Photo of Devan Schwartz.

Devan Schwartz

equality and human rights essay

Civil rights activist Martin Luther King Jr marching from Selma to Montgomery, Alabama alongside Rabbi Abraham Joshua Heschel. William Lovelace/Daily Express/Hulton Archive/Getty Images hide caption

Civil rights activist Martin Luther King Jr marching from Selma to Montgomery, Alabama alongside Rabbi Abraham Joshua Heschel.

Close your eyes and you might be able to conjure the iconic image of Rabbi Abraham Joshua Heschel, with a white bushy beard, as he marches alongside Reverend Dr. Martin Luther King, Jr. It's 1965 and they're at the front of the delegation from Selma to Mongtomery, Alabama. Everyone wears big Hawaiian leis – given as a symbol of support and solidarity by Reverend Abraham Akaka.

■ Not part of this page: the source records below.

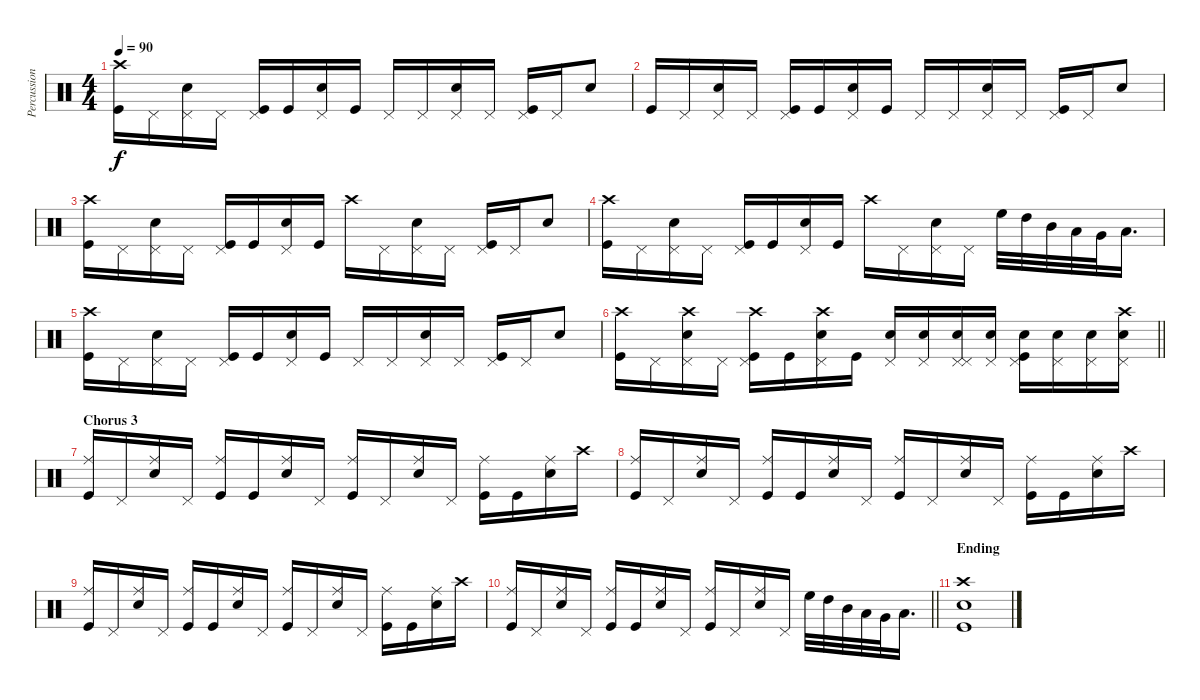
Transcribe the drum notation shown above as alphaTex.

\track ("Percussion" "Percussion") {instrument percussion}
\staff {score}
\articulation defaults
\ts (4 4)
\tempo 90
\clef neutral
\ks c
("Crash high (hit)" "Kick (hit)").16{dy f} "Pedal Hi-Hat (hit)".16 ("Pedal Hi-Hat (hit)" "Snare (hit) 2").16 "Pedal Hi-Hat (hit)".16 ("Pedal Hi-Hat (hit)" "Kick (hit)").16 "Kick (hit)".16 ("Pedal Hi-Hat (hit)" "Snare (hit) 2").16 "Kick (hit)".16 "Pedal Hi-Hat (hit)".16 "Pedal Hi-Hat (hit)".16 ("Pedal Hi-Hat (hit)" "Snare (hit) 2").16 "Pedal Hi-Hat (hit)".16 ("Pedal Hi-Hat (hit)" "Kick (hit)").16 "Pedal Hi-Hat (hit)".16 "Snare (hit) 2".8 |
"Kick (hit)".16 "Pedal Hi-Hat (hit)".16 ("Pedal Hi-Hat (hit)" "Snare (hit) 2").16 "Pedal Hi-Hat (hit)".16 ("Pedal Hi-Hat (hit)" "Kick (hit)").16 "Kick (hit)".16 ("Pedal Hi-Hat (hit)" "Snare (hit) 2").16 "Kick (hit)".16 "Pedal Hi-Hat (hit)".16 "Pedal Hi-Hat (hit)".16 ("Pedal Hi-Hat (hit)" "Snare (hit) 2").16 "Pedal Hi-Hat (hit)".16 ("Pedal Hi-Hat (hit)" "Kick (hit)").16 "Pedal Hi-Hat (hit)".16 "Snare (hit) 2".8 |
("Crash high (hit)" "Kick (hit)").16 "Pedal Hi-Hat (hit)".16 ("Pedal Hi-Hat (hit)" "Snare (hit) 2").16 "Pedal Hi-Hat (hit)".16 ("Pedal Hi-Hat (hit)" "Kick (hit)").16 "Kick (hit)".16 ("Pedal Hi-Hat (hit)" "Snare (hit) 2").16 "Kick (hit)".16 "Crash high (hit)".16 "Pedal Hi-Hat (hit)".16 ("Pedal Hi-Hat (hit)" "Snare (hit) 2").16 "Pedal Hi-Hat (hit)".16 ("Pedal Hi-Hat (hit)" "Kick (hit)").16 "Pedal Hi-Hat (hit)".16 "Snare (hit) 2".8 |
("Crash high (hit)" "Kick (hit)").16 "Pedal Hi-Hat (hit)".16 ("Pedal Hi-Hat (hit)" "Snare (hit) 2").16 "Pedal Hi-Hat (hit)".16 ("Pedal Hi-Hat (hit)" "Kick (hit)").16 "Kick (hit)".16 ("Pedal Hi-Hat (hit)" "Snare (hit) 2").16 "Kick (hit)".16 "Crash high (hit)".16 "Pedal Hi-Hat (hit)".16 ("Pedal Hi-Hat (hit)" "Snare (hit) 2").16 "Pedal Hi-Hat (hit)".16 "High Floor Tom (hit)".32 "High Tom (hit)".32 "Mid Tom (hit)".32 "Low Tom (hit)".32 "Very Low Tom (hit)".32 "Low Floor Tom (hit)".16{d} |
("Crash high (hit)" "Kick (hit)").16 "Pedal Hi-Hat (hit)".16 ("Pedal Hi-Hat (hit)" "Snare (hit) 2").16 "Pedal Hi-Hat (hit)".16 ("Pedal Hi-Hat (hit)" "Kick (hit)").16 "Kick (hit)".16 ("Pedal Hi-Hat (hit)" "Snare (hit) 2").16 "Kick (hit)".16 "Pedal Hi-Hat (hit)".16 "Pedal Hi-Hat (hit)".16 ("Pedal Hi-Hat (hit)" "Snare (hit) 2").16 "Pedal Hi-Hat (hit)".16 ("Pedal Hi-Hat (hit)" "Kick (hit)").16 "Pedal Hi-Hat (hit)".16 "Snare (hit) 2".8 |
\barLineRight lightlight
("Crash high (hit)" "Kick (hit)").16 "Pedal Hi-Hat (hit)".16 ("Pedal Hi-Hat (hit)" "Crash high (hit)" "Snare (hit) 2").16 "Pedal Hi-Hat (hit)".16 ("Pedal Hi-Hat (hit)" "Kick (hit)" "Crash high (hit)").16 "Kick (hit)".16 ("Pedal Hi-Hat (hit)" "Crash high (hit)" "Snare (hit) 2").16 "Kick (hit)".16 ("Pedal Hi-Hat (hit)" "Snare (hit) 2").16 ("Snare (hit) 2" "Pedal Hi-Hat (hit)").16 ("Pedal Hi-Hat (hit)" "Pedal Hi-Hat (hit)" "Snare (hit) 2").16 ("Snare (hit) 2" "Pedal Hi-Hat (hit)").16 ("Pedal Hi-Hat (hit)" "Snare (hit) 2" "Kick (hit)").16 ("Snare (hit) 2" "Pedal Hi-Hat (hit)").16 ("Pedal Hi-Hat (hit)" "Snare (hit) 2").16 ("Snare (hit) 2" "Crash high (hit)" "Pedal Hi-Hat (hit)").16 |
\section ("" "Chorus 3")
("Ride (middle)" "Kick (hit)").16 "Pedal Hi-Hat (hit)".16 ("Ride (middle)" "Snare (hit) 2").16 "Pedal Hi-Hat (hit)".16 ("Ride (middle)" "Kick (hit)").16 "Kick (hit)".16 ("Ride (middle)" "Snare (hit) 2").16 "Pedal Hi-Hat (hit)".16 ("Ride (middle)" "Kick (hit)").16 "Pedal Hi-Hat (hit)".16 ("Ride (middle)" "Snare (hit) 2").16 "Pedal Hi-Hat (hit)".16 ("Ride (middle)" "Kick (hit)").16 "Kick (hit)".16 ("Ride (middle)" "Snare (hit) 2").16 "Crash high (hit)".16 |
("Ride (middle)" "Kick (hit)").16 "Pedal Hi-Hat (hit)".16 ("Ride (middle)" "Snare (hit) 2").16 "Pedal Hi-Hat (hit)".16 ("Ride (middle)" "Kick (hit)").16 "Kick (hit)".16 ("Ride (middle)" "Snare (hit) 2").16 "Pedal Hi-Hat (hit)".16 ("Ride (middle)" "Kick (hit)").16 "Pedal Hi-Hat (hit)".16 ("Ride (middle)" "Snare (hit) 2").16 "Pedal Hi-Hat (hit)".16 ("Ride (middle)" "Kick (hit)").16 "Kick (hit)".16 ("Ride (middle)" "Snare (hit) 2").16 "Crash high (hit)".16 |
("Ride (middle)" "Kick (hit)").16 "Pedal Hi-Hat (hit)".16 ("Ride (middle)" "Snare (hit) 2").16 "Pedal Hi-Hat (hit)".16 ("Ride (middle)" "Kick (hit)").16 "Kick (hit)".16 ("Ride (middle)" "Snare (hit) 2").16 "Pedal Hi-Hat (hit)".16 ("Ride (middle)" "Kick (hit)").16 "Pedal Hi-Hat (hit)".16 ("Ride (middle)" "Snare (hit) 2").16 "Pedal Hi-Hat (hit)".16 ("Ride (middle)" "Kick (hit)").16 "Kick (hit)".16 ("Ride (middle)" "Snare (hit) 2").16 "Crash high (hit)".16 |
\barLineRight lightlight
("Ride (middle)" "Kick (hit)").16 "Pedal Hi-Hat (hit)".16 ("Ride (middle)" "Snare (hit) 2").16 "Pedal Hi-Hat (hit)".16 ("Ride (middle)" "Kick (hit)").16 "Kick (hit)".16 ("Ride (middle)" "Snare (hit) 2").16 "Pedal Hi-Hat (hit)".16 ("Ride (middle)" "Kick (hit)").16 "Pedal Hi-Hat (hit)".16 ("Ride (middle)" "Snare (hit) 2").16 "Pedal Hi-Hat (hit)".16 "High Floor Tom (hit)".32 "High Tom (hit)".32 "Mid Tom (hit)".32 "Low Tom (hit)".32 "Very Low Tom (hit)".32 "Low Floor Tom (hit)".16{d} |
\section ("" "Ending")
("Snare (hit) 2" "Kick (hit)" "Crash high (hit)").1

Scholars say this moment enshrines the so-called Grand Alliance, in which Black and Jewish leaders worked together in support of civil rights and voting rights.

After marching that day, Heschel said, "I felt my legs were praying."

And from the steps of the capitol in Montgomery, King said, "The end we seek is a society at peace with itself, a society that can live with its conscience. And that will be a day not of the white man, not of the black man. That will be the day of man as man."

Just a few months later, President Lyndon B. Johnson signed the Voting Rights Act of 1965 .

So was this a major moment in the ongoing partnership between Black and Jewish leaders — or simply the high-water mark in a relationship that has long since receded?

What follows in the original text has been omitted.